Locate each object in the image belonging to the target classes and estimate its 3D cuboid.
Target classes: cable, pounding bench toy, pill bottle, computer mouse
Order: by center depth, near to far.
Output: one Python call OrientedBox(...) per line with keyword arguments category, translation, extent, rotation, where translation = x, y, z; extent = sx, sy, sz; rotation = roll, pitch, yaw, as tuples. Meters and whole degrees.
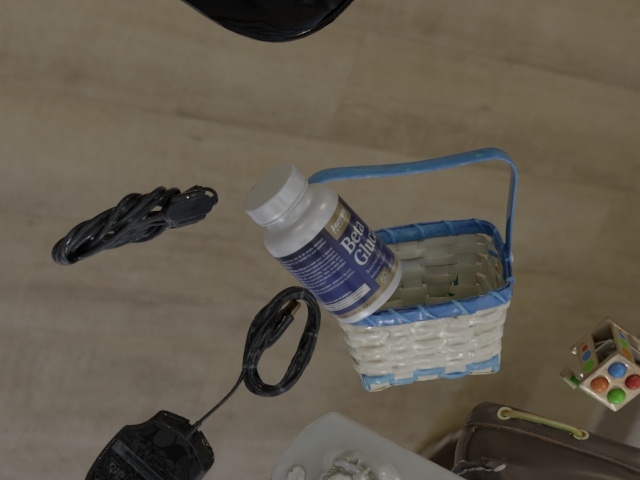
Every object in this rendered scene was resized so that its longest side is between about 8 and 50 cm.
OrientedBox(category="computer mouse", translation=(-0.087, 0.129, 1.009), extent=(0.071, 0.041, 0.242), rotation=(45, 85, 0))
OrientedBox(category="pounding bench toy", translation=(0.269, 0.130, 1.310), extent=(0.052, 0.065, 0.083), rotation=(34, 119, -20))
OrientedBox(category="cable", translation=(-0.200, -0.016, 1.367), extent=(0.184, 0.150, 0.047), rotation=(-22, 93, -51))
OrientedBox(category="pill bottle", translation=(0.000, 0.000, 1.427), extent=(0.094, 0.094, 0.169), rotation=(-44, 113, 1))

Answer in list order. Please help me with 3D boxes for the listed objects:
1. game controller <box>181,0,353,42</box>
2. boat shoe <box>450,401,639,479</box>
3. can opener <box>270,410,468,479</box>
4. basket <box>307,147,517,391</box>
OrientedBox(category="game controller", translation=(0.004, -0.205, 0.538), extent=(0.166, 0.067, 0.319), rotation=(40, 136, -9))
OrientedBox(category="boat shoe", translation=(0.254, 0.202, 1.000), extent=(0.324, 0.097, 0.116), rotation=(14, 149, 3))
OrientedBox(category="can opener", translation=(0.090, 0.164, 0.635), extent=(0.074, 0.280, 0.093), rotation=(-61, 146, -10))
OrientedBox(category="basket", translation=(0.113, 0.030, 1.678), extent=(0.254, 0.201, 0.289), rotation=(-6, 125, -3))
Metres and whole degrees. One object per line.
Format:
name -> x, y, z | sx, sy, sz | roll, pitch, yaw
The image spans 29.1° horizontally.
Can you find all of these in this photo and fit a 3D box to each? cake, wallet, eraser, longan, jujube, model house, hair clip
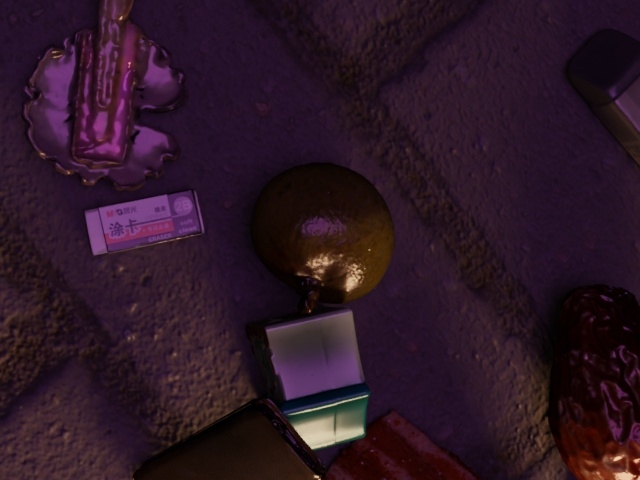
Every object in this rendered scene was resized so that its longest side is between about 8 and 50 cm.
cake -> 0.136, 0.329, 1.401 | 0.262, 0.159, 0.158 | 41, 80, 23
wallet -> -0.099, 0.243, 1.285 | 0.198, 0.031, 0.110 | -32, 104, 30
eraser -> -0.189, -0.020, 1.319 | 0.122, 0.029, 0.052 | -11, 94, -15
longan -> 0.000, 0.000, 1.303 | 0.154, 0.145, 0.176 | 17, 56, 2
jujube -> 0.336, 0.167, 1.404 | 0.168, 0.168, 0.236 | -9, 78, -14
eraser -> 0.431, -0.102, 1.461 | 0.089, 0.061, 0.352 | -45, 102, -9
model house -> -0.012, 0.150, 1.319 | 0.100, 0.127, 0.149 | -14, 91, -13
hair clip -> -0.216, -0.206, 1.287 | 0.173, 0.069, 0.300 | 7, 99, -13
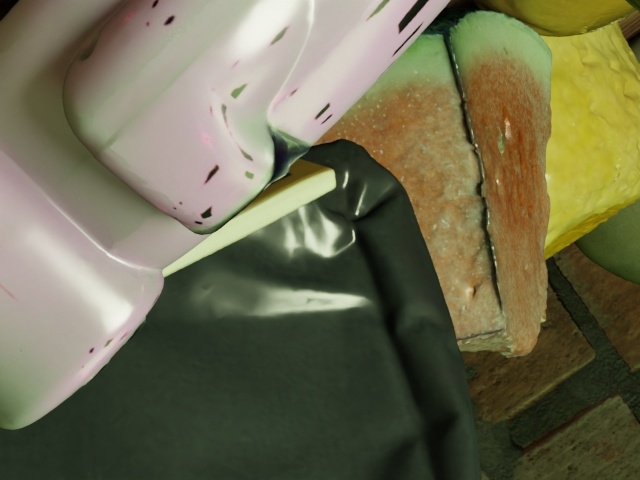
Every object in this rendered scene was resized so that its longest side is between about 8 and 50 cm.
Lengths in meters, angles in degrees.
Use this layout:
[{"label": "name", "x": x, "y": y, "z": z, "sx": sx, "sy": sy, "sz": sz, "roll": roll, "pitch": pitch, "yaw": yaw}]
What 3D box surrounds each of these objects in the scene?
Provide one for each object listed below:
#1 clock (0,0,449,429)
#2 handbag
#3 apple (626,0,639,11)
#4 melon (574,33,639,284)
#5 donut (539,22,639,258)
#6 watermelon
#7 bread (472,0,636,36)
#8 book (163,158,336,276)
[{"label": "clock", "x": -0.022, "y": -0.078, "z": 0.468, "sx": 0.248, "sy": 0.090, "sz": 0.227, "roll": -41, "pitch": -168, "yaw": 29}, {"label": "handbag", "x": -0.082, "y": 0.120, "z": 0.642, "sx": 0.301, "sy": 0.275, "sz": 0.178, "roll": -12, "pitch": 148, "yaw": -5}, {"label": "apple", "x": 0.162, "y": -0.167, "z": 0.544, "sx": 0.200, "sy": 0.200, "sz": 0.200, "roll": -33, "pitch": 172, "yaw": -5}, {"label": "melon", "x": 0.388, "y": -0.091, "z": 1.632, "sx": 0.268, "sy": 0.268, "sz": 0.330, "roll": -29, "pitch": 163, "yaw": -34}, {"label": "donut", "x": 0.067, "y": -0.013, "z": 1.085, "sx": 0.435, "sy": 0.163, "sz": 0.377, "roll": -28, "pitch": 174, "yaw": -36}, {"label": "watermelon", "x": 0.000, "y": 0.000, "z": 0.810, "sx": 0.318, "sy": 0.226, "sz": 0.148, "roll": -44, "pitch": 153, "yaw": 6}, {"label": "bread", "x": 0.161, "y": -0.177, "z": 0.805, "sx": 0.147, "sy": 0.098, "sz": 0.217, "roll": -36, "pitch": 174, "yaw": -15}, {"label": "book", "x": -0.092, "y": -0.020, "z": 0.626, "sx": 0.118, "sy": 0.012, "sz": 0.172, "roll": -28, "pitch": -150, "yaw": -32}]
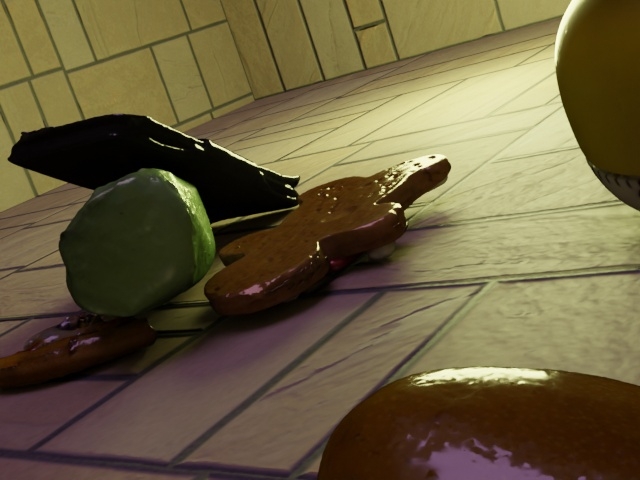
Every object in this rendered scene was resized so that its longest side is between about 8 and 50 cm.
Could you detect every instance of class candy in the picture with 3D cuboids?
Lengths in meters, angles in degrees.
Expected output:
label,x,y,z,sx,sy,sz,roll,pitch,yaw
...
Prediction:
label,x,y,z,sx,sy,sz,roll,pitch,yaw
candy,-0.182,-0.002,0.938,0.142,0.132,0.343,-11,3,-5

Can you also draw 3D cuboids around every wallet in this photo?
label,x,y,z,sx,sy,sz,roll,pitch,yaw
wallet,-0.187,-0.082,1.153,0.197,0.051,0.377,-11,-15,30

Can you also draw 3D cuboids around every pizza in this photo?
label,x,y,z,sx,sy,sz,roll,pitch,yaw
pizza,-0.224,0.090,0.917,0.184,0.036,0.176,-13,15,23

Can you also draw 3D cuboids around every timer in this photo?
label,x,y,z,sx,sy,sz,roll,pitch,yaw
timer,0.290,-0.177,0.688,0.285,0.285,0.285,-18,14,4

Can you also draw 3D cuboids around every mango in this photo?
label,x,y,z,sx,sy,sz,roll,pitch,yaw
mango,0.099,0.102,0.309,0.227,0.099,0.136,4,21,40

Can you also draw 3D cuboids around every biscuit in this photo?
label,x,y,z,sx,sy,sz,roll,pitch,yaw
biscuit,0.000,0.000,0.948,0.215,0.047,0.340,-14,16,29
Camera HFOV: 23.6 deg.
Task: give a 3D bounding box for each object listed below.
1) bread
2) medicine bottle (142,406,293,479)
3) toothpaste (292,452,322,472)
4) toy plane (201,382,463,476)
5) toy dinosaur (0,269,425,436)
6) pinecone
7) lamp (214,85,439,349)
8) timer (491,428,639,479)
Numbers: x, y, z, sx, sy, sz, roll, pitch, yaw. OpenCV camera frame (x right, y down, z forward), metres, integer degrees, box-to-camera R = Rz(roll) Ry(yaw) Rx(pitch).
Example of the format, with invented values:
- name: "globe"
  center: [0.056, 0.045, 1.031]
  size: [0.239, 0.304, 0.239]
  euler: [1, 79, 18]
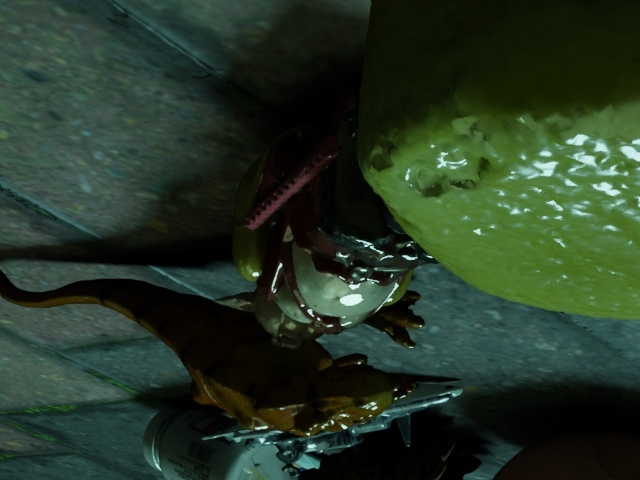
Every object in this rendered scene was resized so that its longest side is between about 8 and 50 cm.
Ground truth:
- name: "bread"
  center: [0.142, -0.062, 0.626]
  size: [0.269, 0.148, 0.270]
  euler: [6, 160, 2]
- name: "medicine bottle"
  center: [-0.097, 0.198, 1.394]
  size: [0.140, 0.079, 0.079]
  euler: [14, 166, 47]
- name: "toothpaste"
  center: [0.027, 0.248, 1.550]
  size: [0.205, 0.036, 0.056]
  euler: [32, 149, -33]
- name: "toy plane"
  center: [0.006, 0.153, 1.276]
  size: [0.234, 0.082, 0.160]
  euler: [2, -178, 23]
- name: "toy dinosaur"
  center: [-0.046, 0.075, 1.062]
  size: [0.208, 0.097, 0.432]
  euler: [1, -175, -37]
- name: "pinecone"
  center: [0.082, 0.264, 1.389]
  size: [0.212, 0.169, 0.185]
  euler: [42, 158, -30]
- name: "lamp"
  center: [0.000, 0.000, 0.876]
  size: [0.118, 0.118, 0.253]
  euler: [19, 154, -18]
- name: "timer"
  center: [0.237, 0.271, 1.255]
  size: [0.215, 0.230, 0.229]
  euler: [34, 148, -33]
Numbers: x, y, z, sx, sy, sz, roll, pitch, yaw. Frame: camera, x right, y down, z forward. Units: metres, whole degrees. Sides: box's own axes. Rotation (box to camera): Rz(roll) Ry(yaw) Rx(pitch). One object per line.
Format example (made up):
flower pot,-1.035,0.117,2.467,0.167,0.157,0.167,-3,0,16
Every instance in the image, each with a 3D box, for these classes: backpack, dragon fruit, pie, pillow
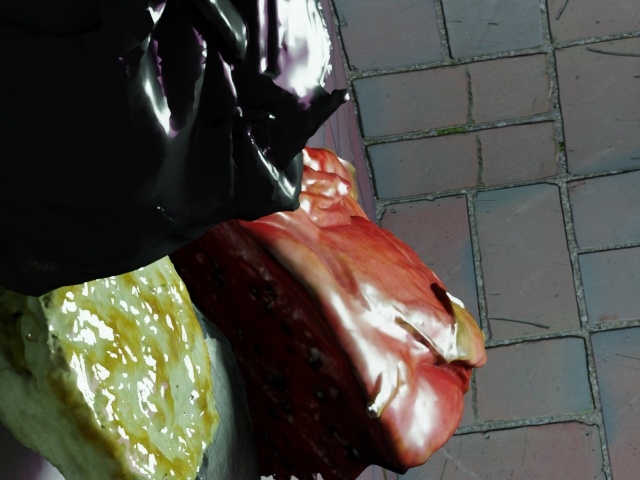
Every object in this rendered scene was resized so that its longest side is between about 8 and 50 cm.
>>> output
backpack,-0.123,-0.220,0.921,0.363,0.255,0.445,-101,175,-47
dragon fruit,0.008,-0.004,1.470,0.286,0.228,0.329,-12,-75,62
pie,-0.134,0.051,1.148,0.201,0.090,0.248,60,15,-14
pillow,-0.095,0.161,1.395,0.335,0.093,0.161,77,12,-46
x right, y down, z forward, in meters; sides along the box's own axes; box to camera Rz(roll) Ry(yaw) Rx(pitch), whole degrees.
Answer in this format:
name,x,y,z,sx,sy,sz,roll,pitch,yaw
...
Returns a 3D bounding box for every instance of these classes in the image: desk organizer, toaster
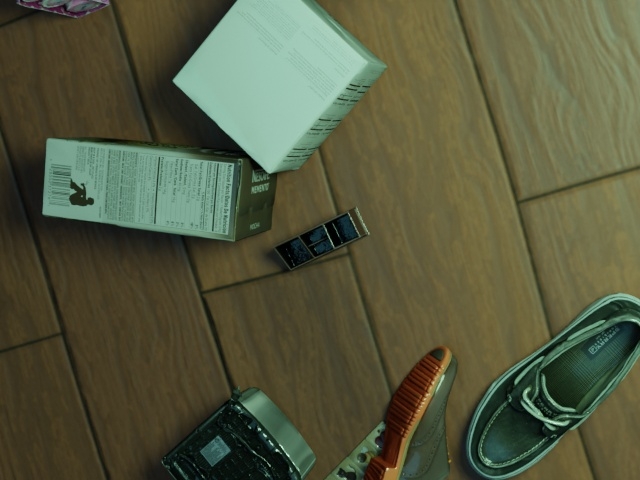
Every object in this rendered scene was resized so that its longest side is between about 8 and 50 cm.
name,x,y,z,sx,sy,sz,roll,pitch,yaw
desk organizer,0.000,0.000,1.498,0.130,0.050,0.047,-26,89,16
toaster,-0.115,0.326,1.534,0.186,0.110,0.168,-43,85,16

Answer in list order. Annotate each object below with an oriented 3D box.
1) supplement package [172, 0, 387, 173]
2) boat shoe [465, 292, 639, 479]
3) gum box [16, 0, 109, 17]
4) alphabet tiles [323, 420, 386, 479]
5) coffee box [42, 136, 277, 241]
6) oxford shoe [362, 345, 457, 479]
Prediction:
name,x,y,z,sx,sy,sz,roll,pitch,yaw
supplement package,-0.053,-0.233,1.435,0.194,0.149,0.203,44,105,7
boat shoe,0.314,0.203,1.398,0.121,0.119,0.335,40,104,8
gum box,-0.390,-0.395,1.490,0.062,0.188,0.107,-18,91,16
alphabet tiles,0.086,0.421,1.543,0.198,0.009,0.237,44,105,7
coffee box,-0.229,-0.081,1.492,0.297,0.168,0.119,7,98,14
oxford shoe,0.147,0.285,1.479,0.098,0.097,0.271,22,94,-15
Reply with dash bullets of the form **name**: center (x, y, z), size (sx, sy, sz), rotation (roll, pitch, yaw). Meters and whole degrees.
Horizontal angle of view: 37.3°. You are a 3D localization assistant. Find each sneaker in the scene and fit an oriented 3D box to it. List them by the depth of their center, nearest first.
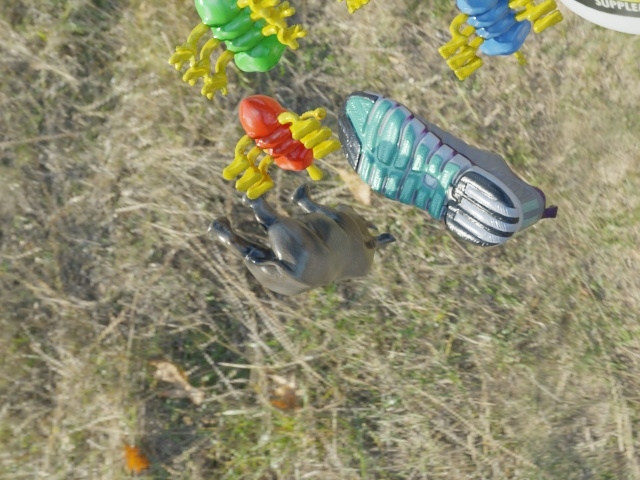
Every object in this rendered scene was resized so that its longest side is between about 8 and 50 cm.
- **sneaker**: center (0.113, -0.069, 0.889), size (0.224, 0.098, 0.083), rotation (42, 124, 32)

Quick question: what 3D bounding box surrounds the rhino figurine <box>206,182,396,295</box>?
- **rhino figurine**: center (0.000, 0.000, 0.930), size (0.106, 0.243, 0.073), rotation (42, 112, 19)

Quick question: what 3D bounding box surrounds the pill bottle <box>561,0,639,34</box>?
- **pill bottle**: center (0.173, -0.277, 0.496), size (0.188, 0.334, 0.187), rotation (-12, 59, 21)

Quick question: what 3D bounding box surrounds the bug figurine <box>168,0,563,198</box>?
- **bug figurine**: center (0.024, -0.149, 0.702), size (0.279, 0.216, 0.072), rotation (-27, 51, 16)
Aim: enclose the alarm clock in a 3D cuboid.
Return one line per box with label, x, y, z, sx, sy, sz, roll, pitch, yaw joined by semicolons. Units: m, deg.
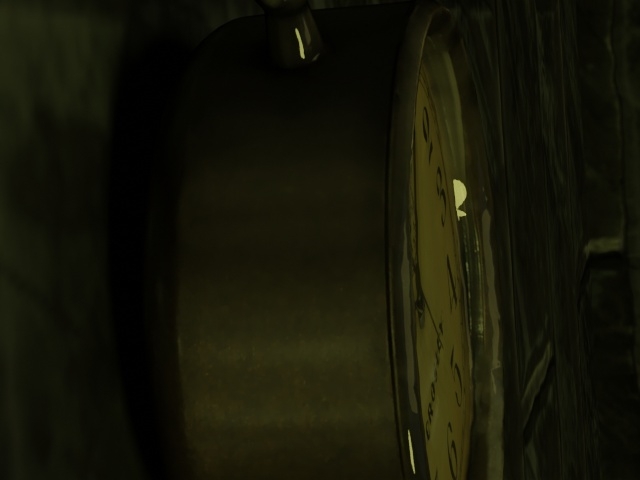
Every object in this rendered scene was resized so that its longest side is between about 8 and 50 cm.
alarm clock;0.000;0.000;0.364;0.129;0.064;0.192;-76;161;-53
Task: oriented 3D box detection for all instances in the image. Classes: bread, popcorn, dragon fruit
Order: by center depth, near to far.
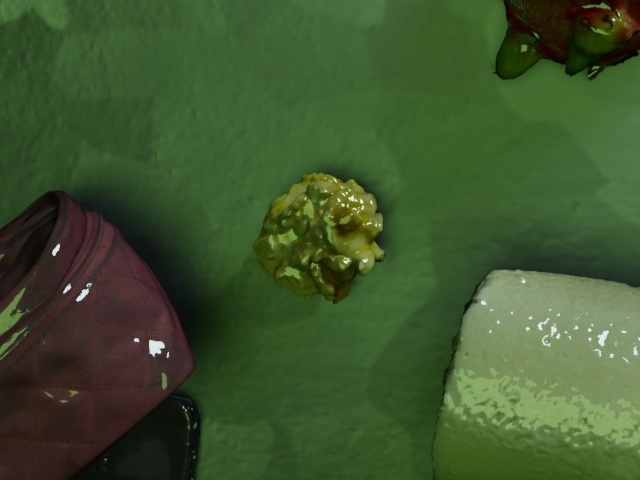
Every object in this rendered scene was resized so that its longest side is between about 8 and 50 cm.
[{"bbox_3d":[0.158,-0.173,0.602,0.138,0.175,0.142,13,72,-1],"label":"dragon fruit"},{"bbox_3d":[0.141,0.087,0.624,0.141,0.148,0.134,9,66,9],"label":"bread"},{"bbox_3d":[0.000,0.000,0.684,0.082,0.057,0.083,-13,100,15],"label":"popcorn"}]

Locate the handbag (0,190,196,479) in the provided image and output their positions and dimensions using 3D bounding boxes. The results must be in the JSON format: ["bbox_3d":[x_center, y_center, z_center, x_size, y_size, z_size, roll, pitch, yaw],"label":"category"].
[{"bbox_3d":[-0.197,0.080,0.667,0.225,0.146,0.135,-40,113,0],"label":"handbag"}]

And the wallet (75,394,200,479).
[{"bbox_3d":[-0.160,0.133,0.760,0.156,0.018,0.082,11,101,10],"label":"wallet"}]
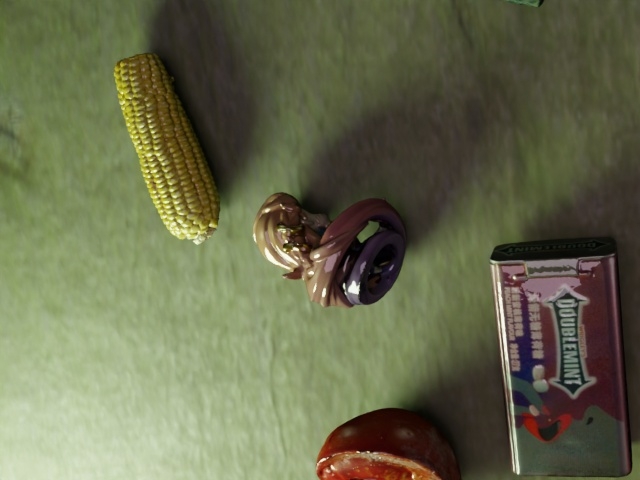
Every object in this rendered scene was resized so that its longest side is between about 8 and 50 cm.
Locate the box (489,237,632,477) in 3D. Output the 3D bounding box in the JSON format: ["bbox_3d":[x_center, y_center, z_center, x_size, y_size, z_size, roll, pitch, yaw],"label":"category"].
[{"bbox_3d":[0.231,0.114,0.907,0.120,0.069,0.224,-5,103,18],"label":"box"}]

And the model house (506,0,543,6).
[{"bbox_3d":[0.161,-0.249,0.835,0.083,0.066,0.078,12,109,13],"label":"model house"}]

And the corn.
[{"bbox_3d":[-0.157,-0.094,0.979,0.067,0.067,0.206,-17,96,21],"label":"corn"}]

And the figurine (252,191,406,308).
[{"bbox_3d":[0.000,0.009,0.931,0.157,0.126,0.114,8,63,14],"label":"figurine"}]

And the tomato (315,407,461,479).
[{"bbox_3d":[0.075,0.227,0.978,0.139,0.091,0.159,-16,126,30],"label":"tomato"}]
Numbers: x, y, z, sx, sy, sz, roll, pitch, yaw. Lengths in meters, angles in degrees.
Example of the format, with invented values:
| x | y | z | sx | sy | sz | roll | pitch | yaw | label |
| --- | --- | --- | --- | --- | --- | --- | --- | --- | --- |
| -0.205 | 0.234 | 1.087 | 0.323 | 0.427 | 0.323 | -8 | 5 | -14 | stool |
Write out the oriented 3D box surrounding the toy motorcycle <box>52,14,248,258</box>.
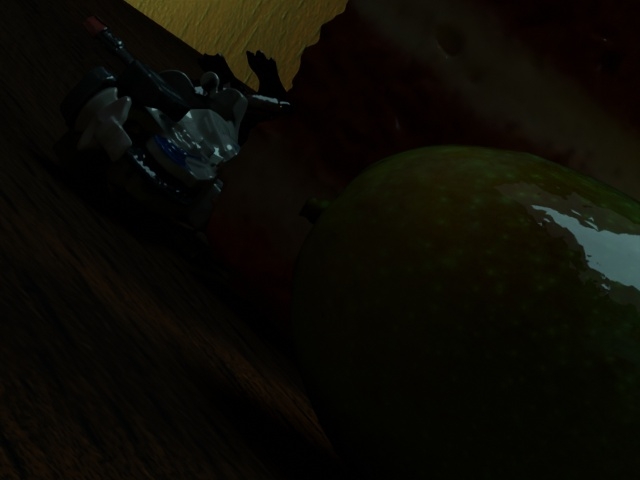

——

▶ Required work: Using the material above, find each line that holds "forward" and copy that line.

▶ Reply:
Numbers: x, y, z, sx, sy, sz, roll, pitch, yaw. OpenCV camera frame (x right, y down, z forward), metres, integer degrees, box-to-camera R = Rz(roll) Ry(yaw) Rx(pitch).
Numbers: x, y, z, sx, sy, sz, roll, pitch, yaw. Frame: camera, x right, y down, z forward. Units: metres, whole degrees. Sides: box's own axes. Rotation (box to camera): Rz(roll) Ry(yaw) Rx(pitch). One object per line.
x right, y down, z forward, in meters; sides along the box's own axes; box to camera Rz(roll) Ry(yaw) Rx(pitch), whole degrees.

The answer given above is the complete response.